▶ **What the task requires**
Write the records out again exactly as they read, dropping any picture they hold.

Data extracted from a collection

::::::::

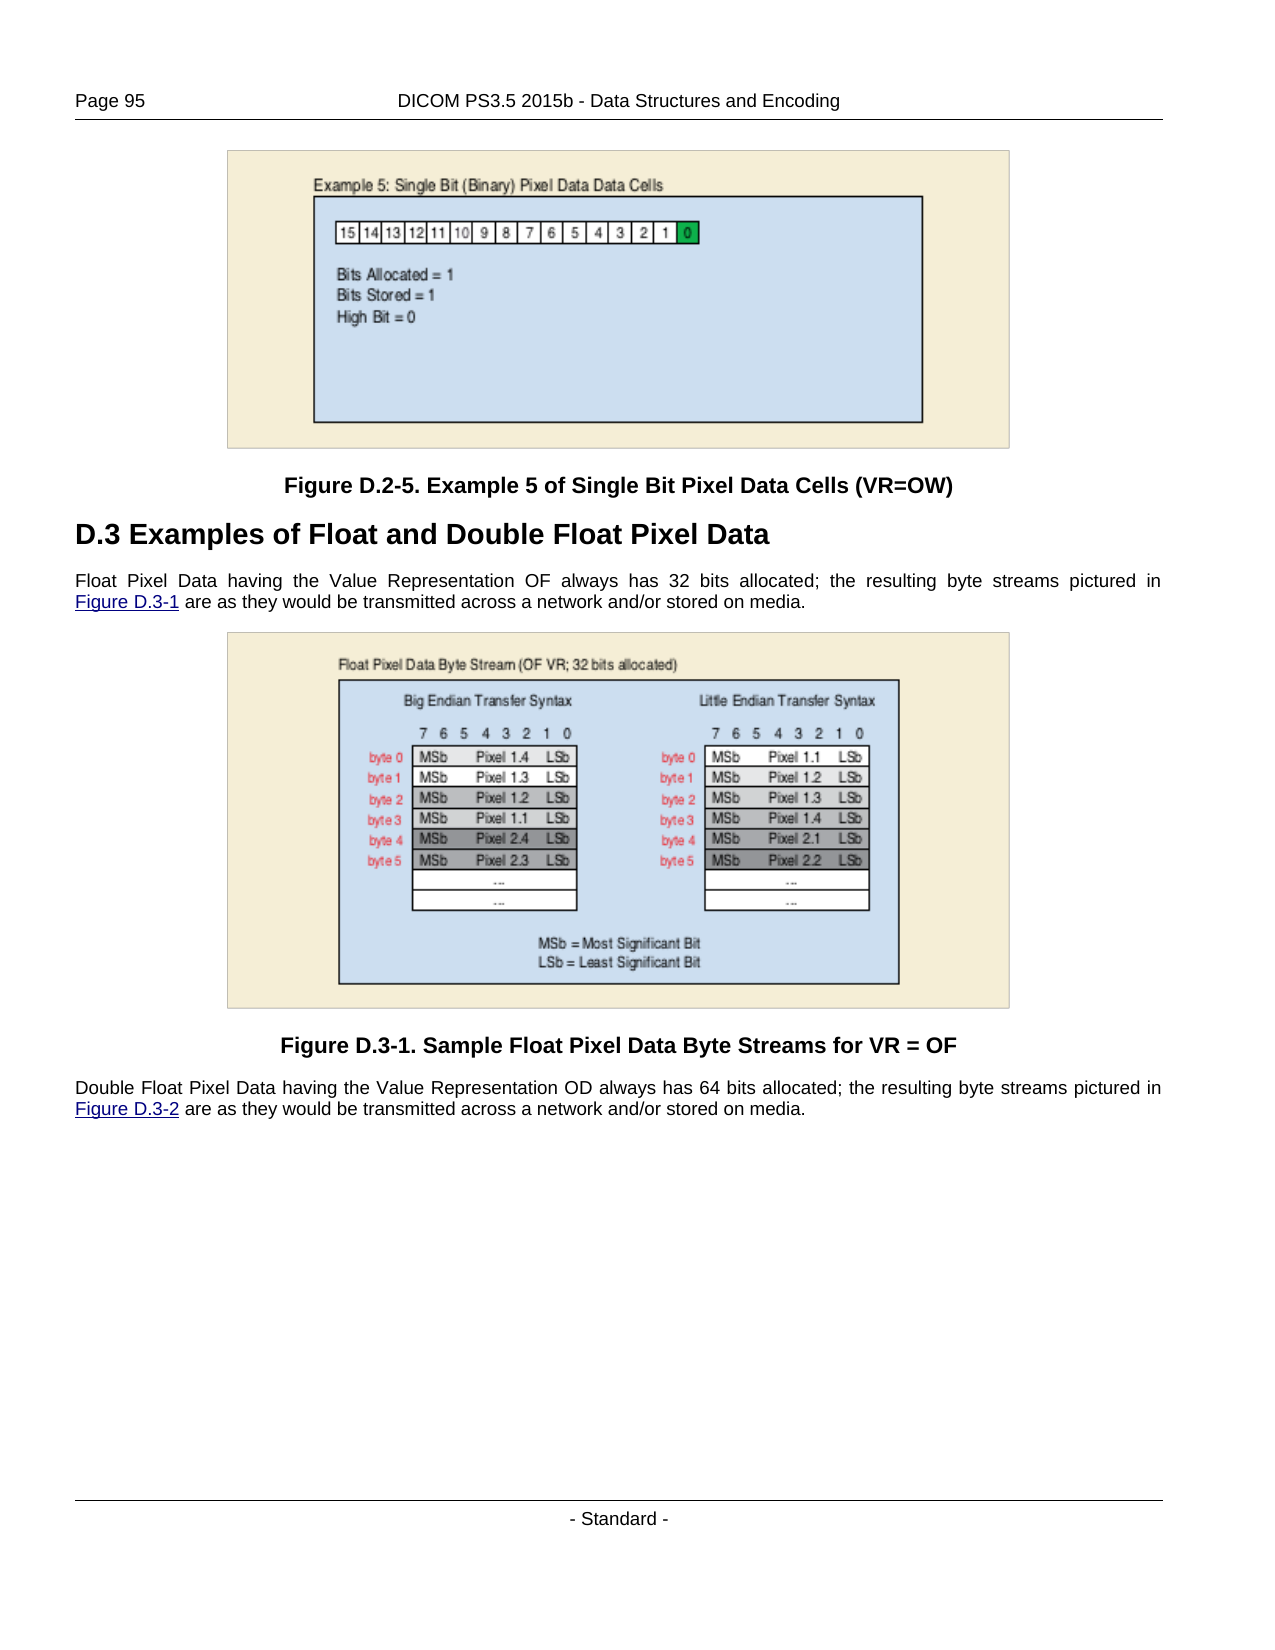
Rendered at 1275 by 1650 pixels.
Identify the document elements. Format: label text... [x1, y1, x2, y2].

picture [226, 631, 1011, 1010]
text Figure D.3-1. Sample Float Pixel Data Byte Streams for VR = OF [75, 1032, 1162, 1058]
text D.3 Examples of Float and Double Float Pixel Data [75, 517, 1162, 551]
text Figure D.2-5. Example 5 of Single Bit Pixel Data Cells (VR=OW) [75, 472, 1162, 498]
text Float Pixel Data having the Value Representation OF always has 32 bits allocated; the resulting byte streams pictured in Figure D.3-1 are as they would be transmitted across a network and/or stored on media. [75, 569, 1162, 612]
picture [226, 150, 1011, 450]
text Double Float Pixel Data having the Value Representation OD always has 64 bits allocated; the resulting byte streams pictured in Figure D.3-2 are as they would be transmitted across a network and/or stored on media. [75, 1076, 1162, 1119]

::::::::

▶ **Response to the task**
Rendered at 1275 by 1650 pixels.
Identify the document elements. Format: label text... [x1, y1, x2, y2].

picture [226, 631, 1011, 1010]
text Figure D.3-1. Sample Float Pixel Data Byte Streams for VR = OF [75, 1032, 1162, 1058]
text D.3 Examples of Float and Double Float Pixel Data [75, 517, 1162, 551]
text Figure D.2-5. Example 5 of Single Bit Pixel Data Cells (VR=OW) [75, 472, 1162, 498]
text Float Pixel Data having the Value Representation OF always has 32 bits allocated; the resulting byte streams pictured in Figure D.3-1 are as they would be transmitted across a network and/or stored on media. [75, 569, 1162, 612]
picture [226, 150, 1011, 450]
text Double Float Pixel Data having the Value Representation OD always has 64 bits allocated; the resulting byte streams pictured in Figure D.3-2 are as they would be transmitted across a network and/or stored on media. [75, 1076, 1162, 1119]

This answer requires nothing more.